Several human diseases involve hypohidrosis or hyperhidrosis (Cohen and Solish, 2003; Schlereth et al., 2009; Cheshire, 2020). Patients with hypohidrosis have difficulty regulating body temperature in response to high temperatures and can experience dizziness, muscle cramps, weakness, high fever, or nausea that is typically not serious. However, patients with hypohidrosis sometimes have heatstroke, which is the most serious complication; the incidence of heatstroke has recently increased with global warming. Furthermore, some patients with collagen diseases like Sjögren’s syndrome, an autoimmune exocrinopathy, suffer from hypohidrosis as well as dry mouth and dry eye that is not easily treated (Katayama, 2018). AIGA is also characterized by hypohidrosis without clear etiology (Nakazato et al., 2004; Munetsugu et al., 2017; Sano et al., 2017). In Japan, both Sjögren’s syndrome and AIGA are classified as designated intractable diseases (nos. 53 and 163, respectively). Problems with exocrine gland function in patients with Sjögren’s syndrome as well as the low TRPV4 expression levels in patients with AIGA suggest that TRPV4 could be a key molecule involved in these diseases and that novel treatment strategies could target TRPV4 and/or ANO1. There are two recent reports showing that TRPV4 was not critical in regulating sweating in human subjects (Fujii et al., 2019; Fujii et al., 2021), which is in contradiction to our mouse and human data. The authors focused on the vasodilating effects of TRPV4. We currently have no idea how to explain the apparently different conclusion regarding the involvement of TRPV4. Multiple factors could explain the apparent difference between the two studies. The parameters that they examined are different from ours, and the authors examined human healthy volunteers while we used the sample of patients with AIGA. More investigation would be needed in the future.

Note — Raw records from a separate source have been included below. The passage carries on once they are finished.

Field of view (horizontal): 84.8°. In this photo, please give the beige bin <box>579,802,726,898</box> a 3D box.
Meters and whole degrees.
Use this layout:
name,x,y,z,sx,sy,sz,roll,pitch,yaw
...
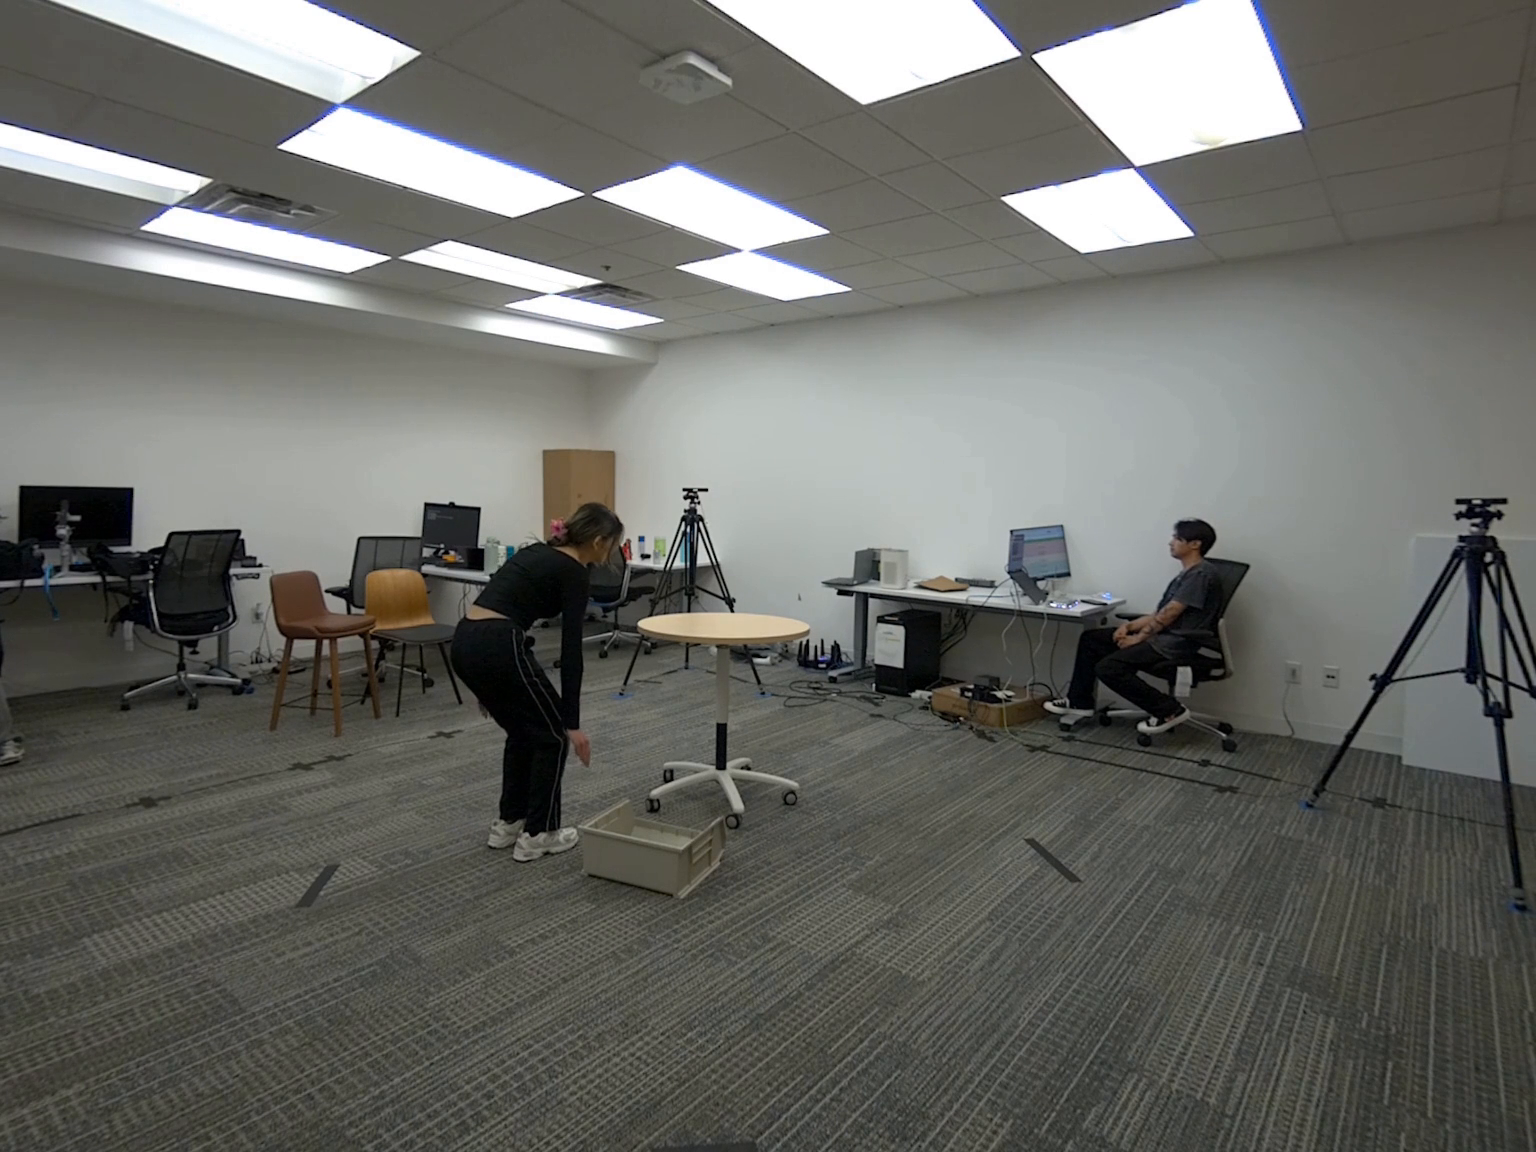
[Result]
name,x,y,z,sx,sy,sz,roll,pitch,yaw
beige bin,-0.427,0.979,3.112,0.433,0.188,0.370,4,6,23

The application of menthol to the skin produces a cool, comfortable sensation that is generally thought to result from the activation of the menthol receptor TRPM8. However, the finding that menthol inhibits both TRPV4 and ANO1 suggests that transient reduction in sweating by inhibiting TRPV4 and ANO1 also contributes to the cool sensation. On the other hand, patients with hyperhidrosis can sweat enough to soak their clothing or have sweat drip off their hands (Cohen and Solish, 2003; Schlereth et al., 2009). Hyperhidrosis can occur as a primary or secondary effect after infections or with some endocrine diseases. Others can experience hyperhidrosis on the palms of their hands when nervous. Development of chemicals targeting TRPV4, ANO1, or the complex could be a new therapeutic strategy for these conditions, for which there are currently no effective treatments.

Many TRP channels have high Ca²⁺ permeability, suggesting that Ca²⁺ entering cells through TRP channels in turn activates more Ca²⁺-activated proteins, including other Ca²⁺-activated ion channels such as Ca²⁺-activated K⁺ channels. This interaction could expand the importance of TRP channels in physiological functions, and complexes between TRP channels and Ca²⁺-activated proteins would be novel targets for drug development.

All data associated with this study are present in the paper or source data files.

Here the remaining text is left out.